Despite their prudence, ancient Mariners were often caught by unexpected turbulences resulting from changes in wind direction. This was not a big problem for the experienced sailors as long as they were in open waters and had sufficient space to manoeuvre. Ancient boats like the Kyrenia wreck (see my blog E - 180) had no proper, deep keels and drifted a fair bit when crossing the wind.

The Kyrenia Ship, built in the 5th century BC, had only a shallow keel


Around Fournoi, a favourite spot for the ancient mariners to stay overnight, the channels are narrow, the bays shallow and dotted with underwater rocks. Fournoi is also the beginning of the Meltemi funnel and known for its erratic, turbulent gusts. When caught in narrow waters, vessels often hit the rocks before the captains were able to turn them away.
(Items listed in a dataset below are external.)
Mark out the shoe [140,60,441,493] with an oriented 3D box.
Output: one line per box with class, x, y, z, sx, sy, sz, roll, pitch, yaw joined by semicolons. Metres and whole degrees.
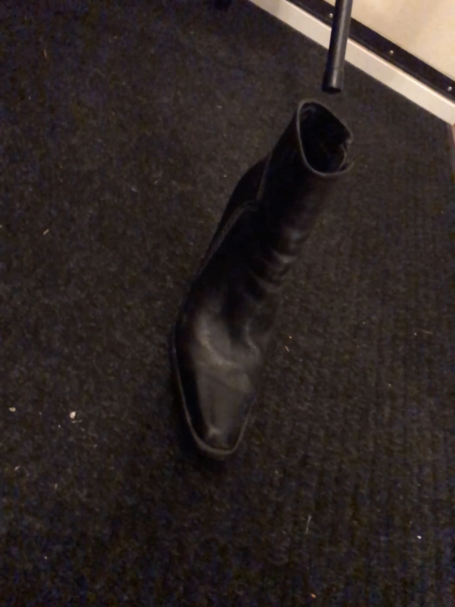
shoe;0.029;-0.021;0.386;0.090;0.209;0.241;20;45;-14
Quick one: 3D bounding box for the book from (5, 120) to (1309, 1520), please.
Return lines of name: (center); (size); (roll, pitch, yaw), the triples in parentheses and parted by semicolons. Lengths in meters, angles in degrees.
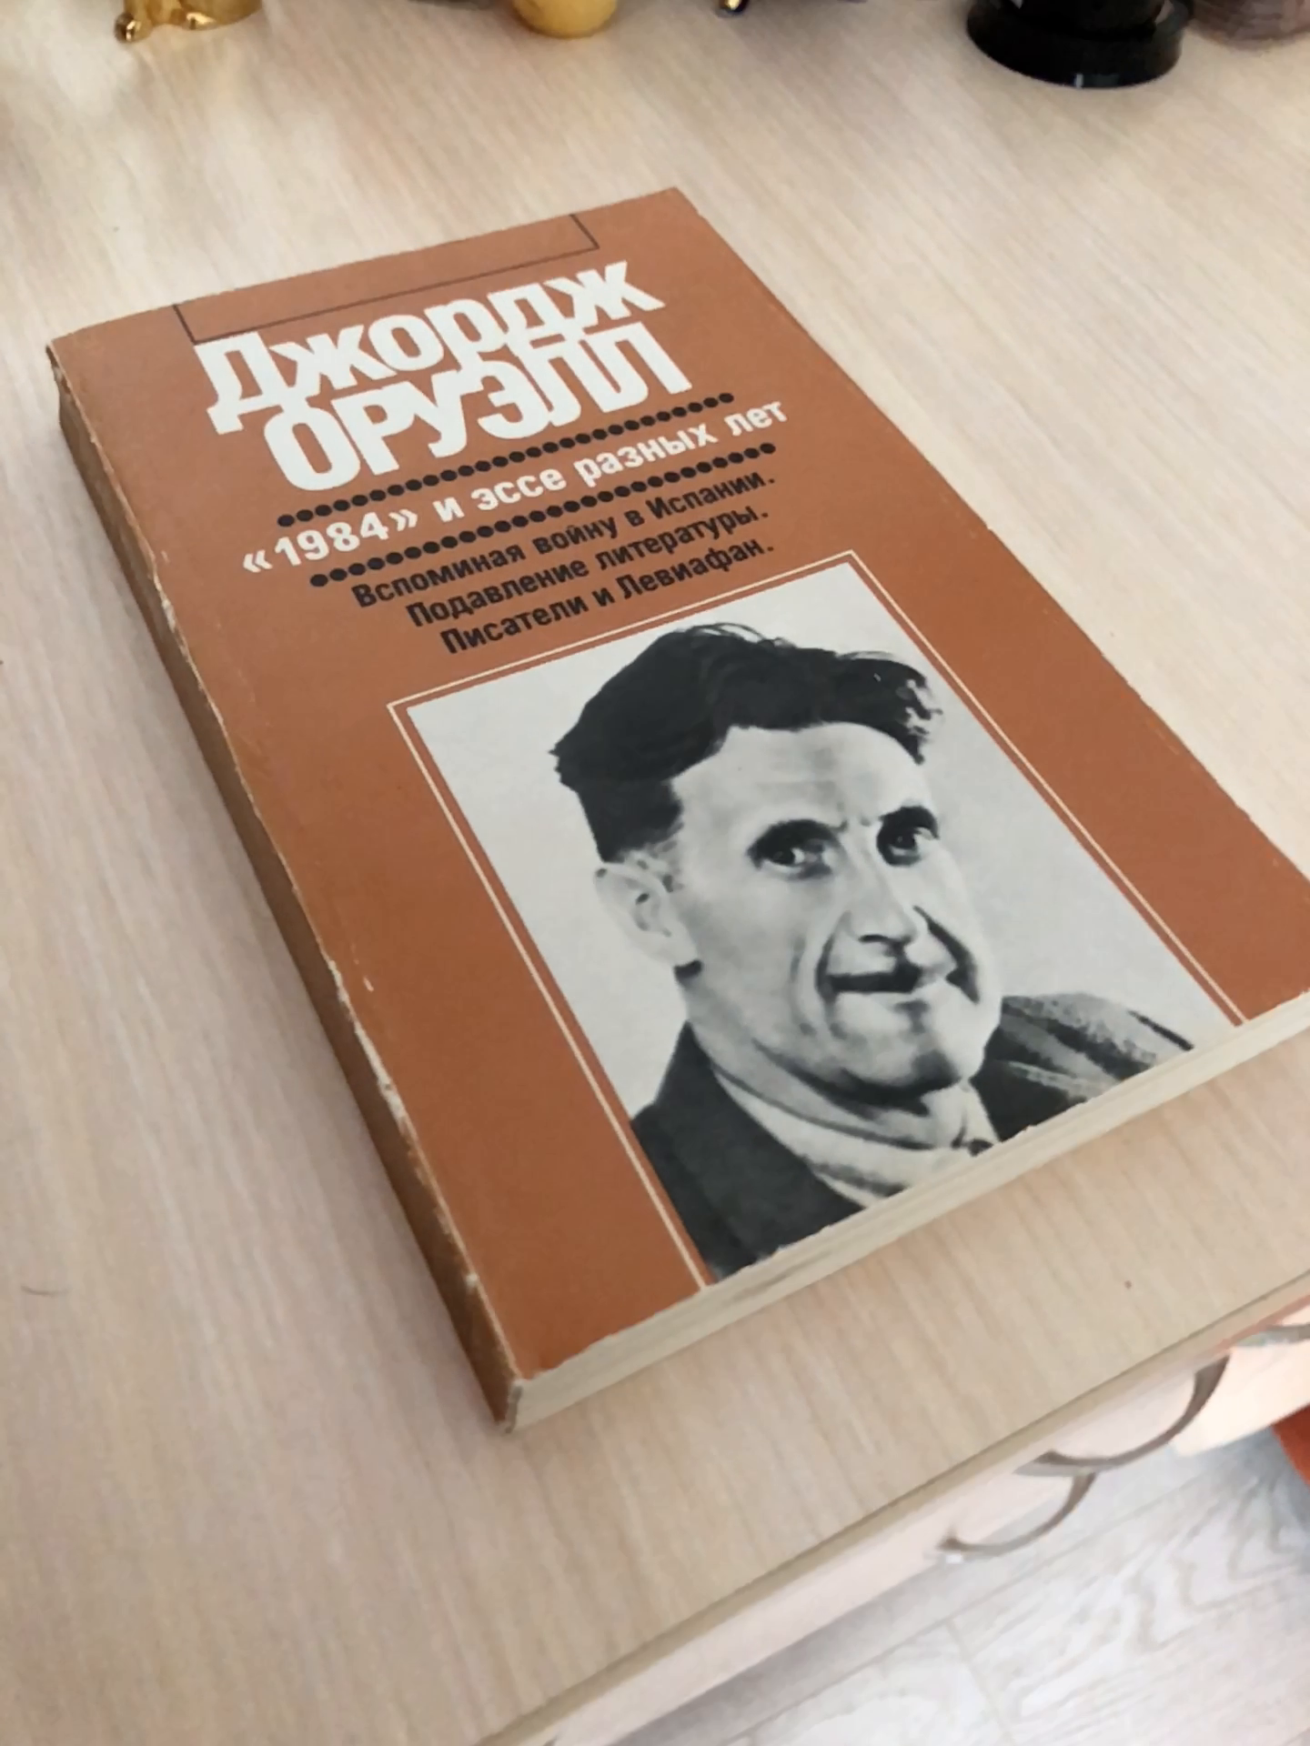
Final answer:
book: (-0.004, -0.036, 0.228); (0.130, 0.040, 0.211); (-22, 58, -17)
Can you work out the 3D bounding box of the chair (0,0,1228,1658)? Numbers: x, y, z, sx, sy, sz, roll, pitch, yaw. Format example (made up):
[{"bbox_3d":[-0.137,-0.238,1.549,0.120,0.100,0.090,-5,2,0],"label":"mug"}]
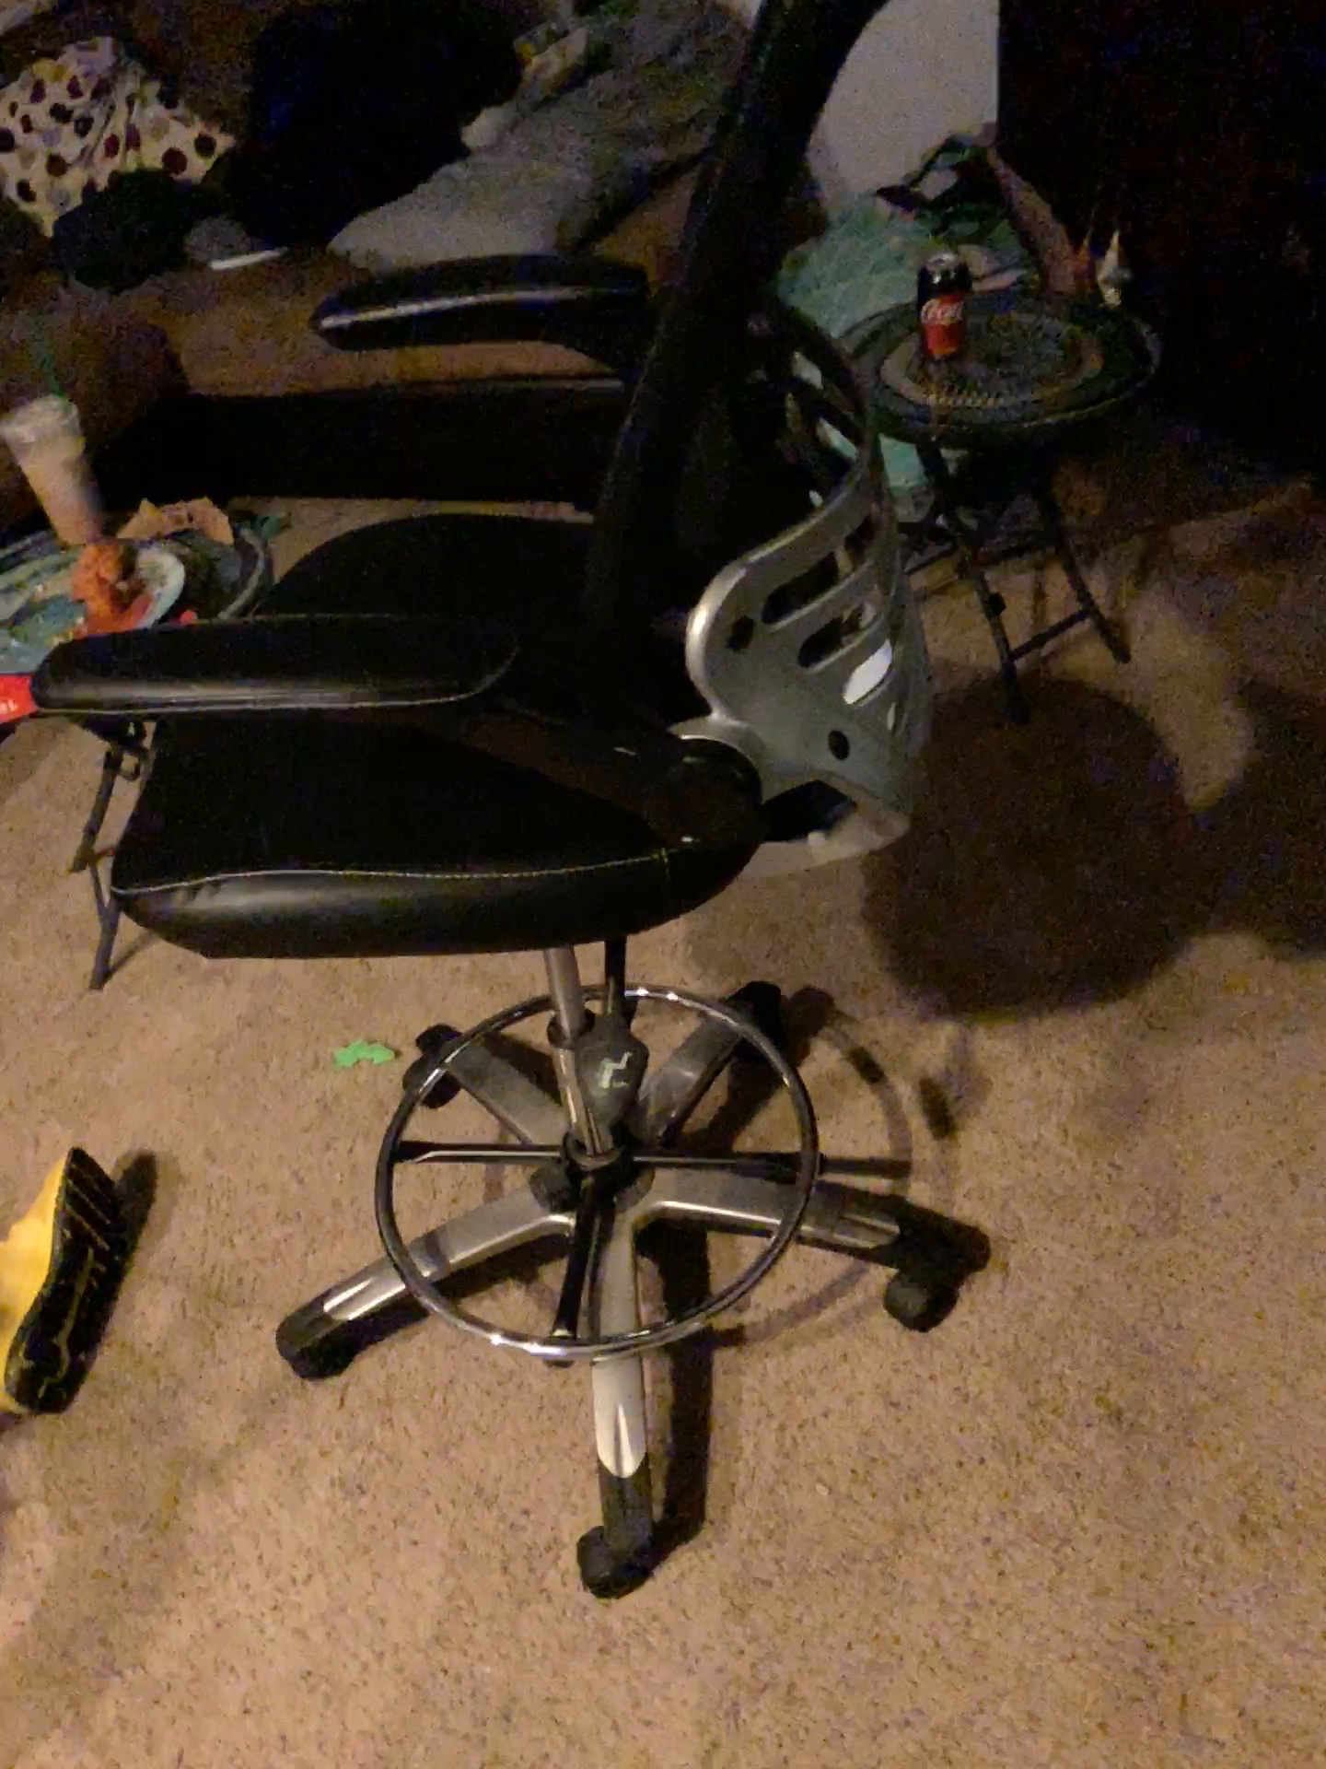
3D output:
[{"bbox_3d":[-0.092,-0.087,1.084,0.700,1.120,0.780,0,42,9],"label":"chair"}]
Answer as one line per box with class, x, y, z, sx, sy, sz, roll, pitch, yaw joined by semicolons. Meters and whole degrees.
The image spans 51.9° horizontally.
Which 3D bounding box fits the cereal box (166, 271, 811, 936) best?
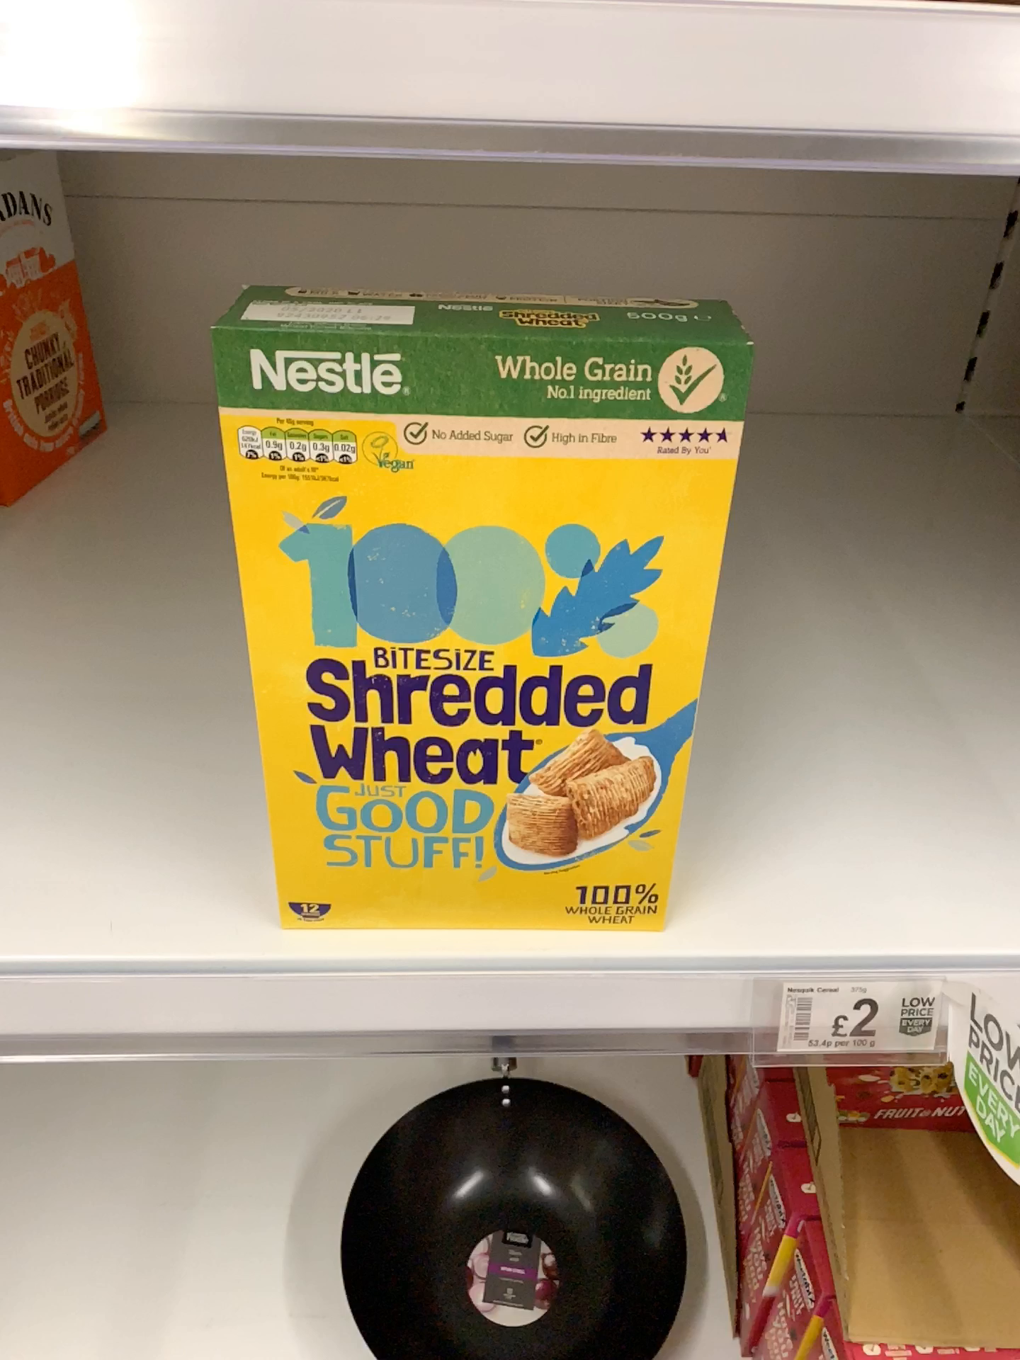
cereal box;-0.011;-0.017;0.445;0.210;0.277;0.071;1;33;-2
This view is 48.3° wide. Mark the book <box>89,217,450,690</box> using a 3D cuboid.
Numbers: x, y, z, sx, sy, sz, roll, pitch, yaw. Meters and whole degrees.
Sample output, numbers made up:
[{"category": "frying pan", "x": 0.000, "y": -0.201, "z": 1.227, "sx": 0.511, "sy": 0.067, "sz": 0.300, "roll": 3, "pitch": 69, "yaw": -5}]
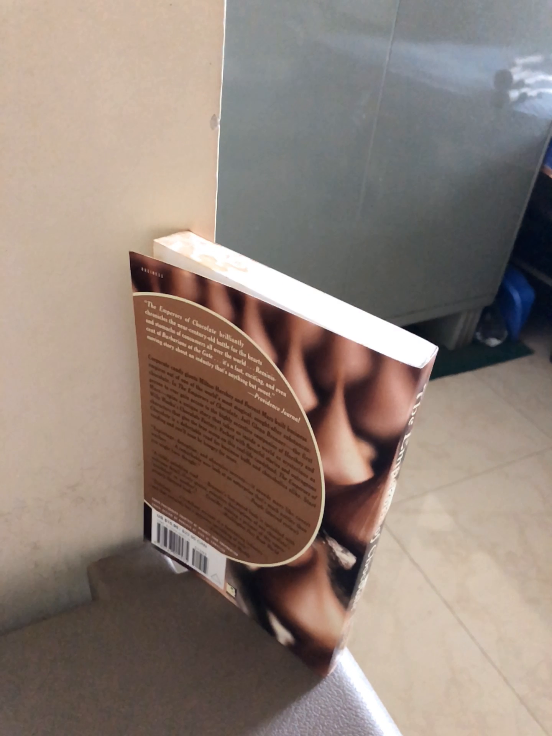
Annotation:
[{"category": "book", "x": -0.018, "y": 0.047, "z": 0.315, "sx": 0.160, "sy": 0.199, "sz": 0.040, "roll": 27, "pitch": 41, "yaw": 27}]
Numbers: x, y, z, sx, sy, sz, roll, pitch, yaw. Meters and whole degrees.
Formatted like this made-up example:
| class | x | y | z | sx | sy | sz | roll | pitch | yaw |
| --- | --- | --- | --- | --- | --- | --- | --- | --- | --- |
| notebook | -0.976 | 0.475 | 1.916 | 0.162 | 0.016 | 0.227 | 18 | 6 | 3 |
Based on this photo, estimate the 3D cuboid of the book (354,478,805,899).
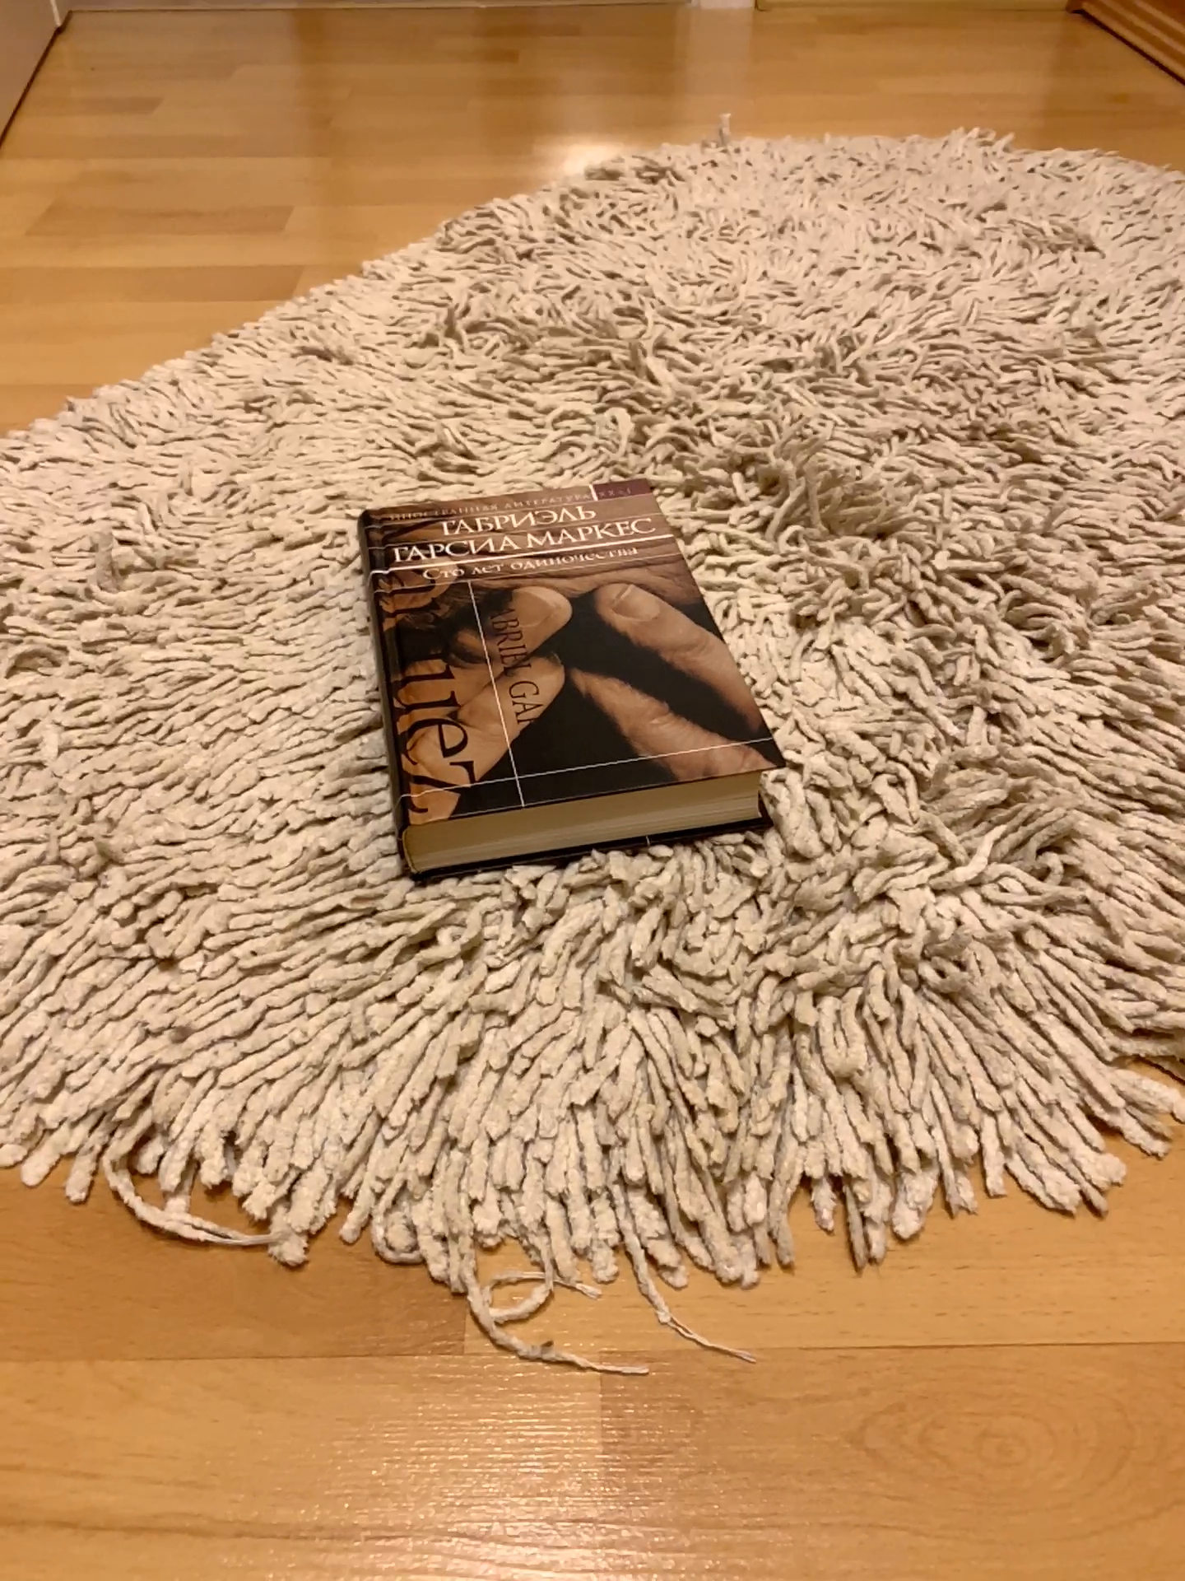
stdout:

So far, 58 ancient ship wrecks have been identified.

Ship Wrecks form small underwater Hills - here Divers find a completely intact Amphora


Most wrecks were found by sponge divers who dive to a depth of 40 meters. The wrecks in shallow waters are badly looted but those lying between 40 – 60 meters depth are in pristine condition. They were luckily out of reach.

Vases and Amphorae on the Sea Floor - many have survived intact


Many of these vessels carried cargo in amphorae which are easy to date and locate. Amphorae from North Africa and the Black Sea dominate. They proof the existence of the ancient trade routes. Most vessels date from the late Hellenistic period (200 BC), the zenith of Roman power (200 AD) or the Byzantine area (600 AD). A few are from the 19th century.

As always in Archeology, the Bulk of the Work is done by Doctoral Students


Since 2015, a joint team of divers and underwater archeologists from the Ephorate of Underwater Antiquities catalogue these wrecks and compiles a selective inventory to determine the nature of the goods transported, the age and origin of the vessels. The wrecks with most of their content are then left on the sea floor. Lifting them is not only costly, exposing them to oxygen would destroy them. Whether there will ever be a museum for these boats is too be seen. In the foreseeable future, there is no budget for such a project.

An Amphora lifted from one of the Wreck Sites for Analysis and Cataloguing


The precise site of the 58 vessels is kept secret and scuba diving in the area is not permitted. We thus won’t be able to see any of these vessels. Luckily Reuters and a few archeology magazines published illustrated articles from where I could copy a few photos. I hope they give you a good impression of what you would see were we allowed to dive.

We used one of the treacherous Underwater Rocks

to anchor the Queen of Datca for lunch


Tonight we sail to Icaria where we stay in Agios Kyrikos. Depending on the wind conditions we may sail to Delos already tomorrow. There is no risk that we would wreck the ship here. Our engines allow us to manoeuvre any time. But sailing in the Meltemi with up to 2 meters high waves is unpleasant. We did it in 2017 and are not keen for a repetion.